_Exercise requirements:_ Without the pictures, set down the records below word for word.
►
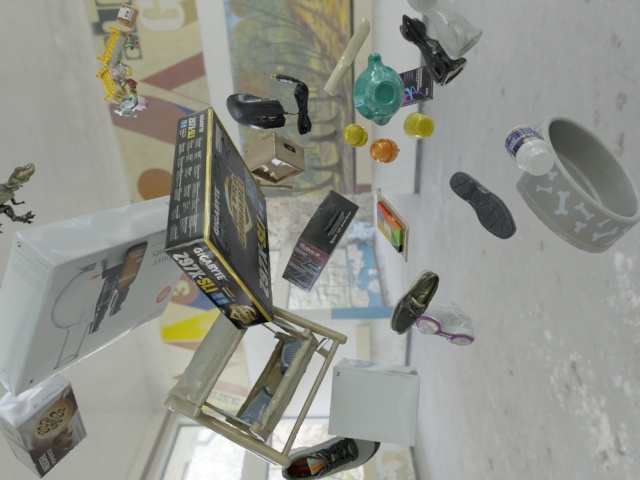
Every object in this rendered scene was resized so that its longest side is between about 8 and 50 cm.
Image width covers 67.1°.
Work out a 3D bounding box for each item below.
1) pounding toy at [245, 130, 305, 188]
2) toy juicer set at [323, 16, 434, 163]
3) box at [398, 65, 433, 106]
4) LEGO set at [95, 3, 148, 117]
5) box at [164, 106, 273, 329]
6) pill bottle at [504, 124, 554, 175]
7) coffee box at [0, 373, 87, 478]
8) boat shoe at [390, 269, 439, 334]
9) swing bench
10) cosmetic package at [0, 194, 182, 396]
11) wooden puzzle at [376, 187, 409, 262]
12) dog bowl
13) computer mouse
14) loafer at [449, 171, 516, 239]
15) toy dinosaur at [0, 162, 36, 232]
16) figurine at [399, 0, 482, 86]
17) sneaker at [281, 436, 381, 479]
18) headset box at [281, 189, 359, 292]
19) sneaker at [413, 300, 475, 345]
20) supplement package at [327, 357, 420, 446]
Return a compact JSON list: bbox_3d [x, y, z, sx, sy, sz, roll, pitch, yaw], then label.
[{"bbox_3d":[-0.146,-0.225,1.464,0.181,0.206,0.094,19,-121,-46],"label":"pounding toy"},{"bbox_3d":[0.118,-0.338,1.189,0.329,0.209,0.089,49,-178,-22],"label":"toy juicer set"},{"bbox_3d":[0.308,-0.520,1.639,0.029,0.162,0.116,10,-100,-48],"label":"box"},{"bbox_3d":[-0.490,-0.443,1.240,0.107,0.132,0.287,14,-112,-59],"label":"LEGO set"},{"bbox_3d":[-0.171,-0.039,0.872,0.257,0.079,0.322,66,-169,-49],"label":"box"},{"bbox_3d":[0.414,-0.177,0.955,0.120,0.067,0.067,-90,-3,-56],"label":"pill bottle"},{"bbox_3d":[-0.797,0.520,1.382,0.168,0.119,0.297,-45,-25,-46],"label":"coffee box"},{"bbox_3d":[0.286,0.188,1.466,0.223,0.080,0.073,-56,0,-3],"label":"boat shoe"},{"bbox_3d":[-0.126,0.250,0.920,0.253,0.254,0.165,-62,-1,-27],"label":"swing bench"},{"bbox_3d":[-0.403,0.079,0.910,0.284,0.097,0.377,-58,-11,24],"label":"cosmetic package"},{"bbox_3d":[0.269,-0.054,1.853,0.221,0.044,0.239,78,166,-54],"label":"wooden puzzle"},{"bbox_3d":[0.598,-0.145,1.123,0.102,0.348,0.349,-47,36,47],"label":"dog bowl"},{"bbox_3d":[-0.154,-0.381,1.347,0.184,0.262,0.060,94,-167,-50],"label":"computer mouse"},{"bbox_3d":[0.582,-0.130,1.690,0.302,0.095,0.109,54,125,26],"label":"loafer"},{"bbox_3d":[-0.695,-0.064,1.022,0.268,0.118,0.064,-52,-10,-43],"label":"toy dinosaur"},{"bbox_3d":[0.282,-0.522,1.208,0.209,0.092,0.215,49,175,8],"label":"figurine"},{"bbox_3d":[0.027,0.555,1.227,0.108,0.271,0.100,69,180,-78],"label":"sneaker"},{"bbox_3d":[0.000,0.000,1.511,0.218,0.110,0.293,-58,-3,-35],"label":"headset box"},{"bbox_3d":[0.449,0.289,1.824,0.114,0.305,0.152,-42,30,44],"label":"sneaker"},{"bbox_3d":[0.128,0.369,1.132,0.203,0.194,0.149,43,-128,-78],"label":"supplement package"}]
◄
_Completed task:_
Every object in this rendered scene was resized so that its longest side is between about 8 and 50 cm.
Image width covers 67.1°.
Work out a 3D bounding box for each item below.
1) pounding toy at [245, 130, 305, 188]
2) toy juicer set at [323, 16, 434, 163]
3) box at [398, 65, 433, 106]
4) LEGO set at [95, 3, 148, 117]
5) box at [164, 106, 273, 329]
6) pill bottle at [504, 124, 554, 175]
7) coffee box at [0, 373, 87, 478]
8) boat shoe at [390, 269, 439, 334]
9) swing bench
10) cosmetic package at [0, 194, 182, 396]
11) wooden puzzle at [376, 187, 409, 262]
12) dog bowl
13) computer mouse
14) loafer at [449, 171, 516, 239]
15) toy dinosaur at [0, 162, 36, 232]
16) figurine at [399, 0, 482, 86]
17) sneaker at [281, 436, 381, 479]
18) headset box at [281, 189, 359, 292]
19) sneaker at [413, 300, 475, 345]
20) supplement package at [327, 357, 420, 446]
Return a compact JSON list: bbox_3d [x, y, z, sx, sy, sz, roll, pitch, yaw], then label.
[{"bbox_3d":[-0.146,-0.225,1.464,0.181,0.206,0.094,19,-121,-46],"label":"pounding toy"},{"bbox_3d":[0.118,-0.338,1.189,0.329,0.209,0.089,49,-178,-22],"label":"toy juicer set"},{"bbox_3d":[0.308,-0.520,1.639,0.029,0.162,0.116,10,-100,-48],"label":"box"},{"bbox_3d":[-0.490,-0.443,1.240,0.107,0.132,0.287,14,-112,-59],"label":"LEGO set"},{"bbox_3d":[-0.171,-0.039,0.872,0.257,0.079,0.322,66,-169,-49],"label":"box"},{"bbox_3d":[0.414,-0.177,0.955,0.120,0.067,0.067,-90,-3,-56],"label":"pill bottle"},{"bbox_3d":[-0.797,0.520,1.382,0.168,0.119,0.297,-45,-25,-46],"label":"coffee box"},{"bbox_3d":[0.286,0.188,1.466,0.223,0.080,0.073,-56,0,-3],"label":"boat shoe"},{"bbox_3d":[-0.126,0.250,0.920,0.253,0.254,0.165,-62,-1,-27],"label":"swing bench"},{"bbox_3d":[-0.403,0.079,0.910,0.284,0.097,0.377,-58,-11,24],"label":"cosmetic package"},{"bbox_3d":[0.269,-0.054,1.853,0.221,0.044,0.239,78,166,-54],"label":"wooden puzzle"},{"bbox_3d":[0.598,-0.145,1.123,0.102,0.348,0.349,-47,36,47],"label":"dog bowl"},{"bbox_3d":[-0.154,-0.381,1.347,0.184,0.262,0.060,94,-167,-50],"label":"computer mouse"},{"bbox_3d":[0.582,-0.130,1.690,0.302,0.095,0.109,54,125,26],"label":"loafer"},{"bbox_3d":[-0.695,-0.064,1.022,0.268,0.118,0.064,-52,-10,-43],"label":"toy dinosaur"},{"bbox_3d":[0.282,-0.522,1.208,0.209,0.092,0.215,49,175,8],"label":"figurine"},{"bbox_3d":[0.027,0.555,1.227,0.108,0.271,0.100,69,180,-78],"label":"sneaker"},{"bbox_3d":[0.000,0.000,1.511,0.218,0.110,0.293,-58,-3,-35],"label":"headset box"},{"bbox_3d":[0.449,0.289,1.824,0.114,0.305,0.152,-42,30,44],"label":"sneaker"},{"bbox_3d":[0.128,0.369,1.132,0.203,0.194,0.149,43,-128,-78],"label":"supplement package"}]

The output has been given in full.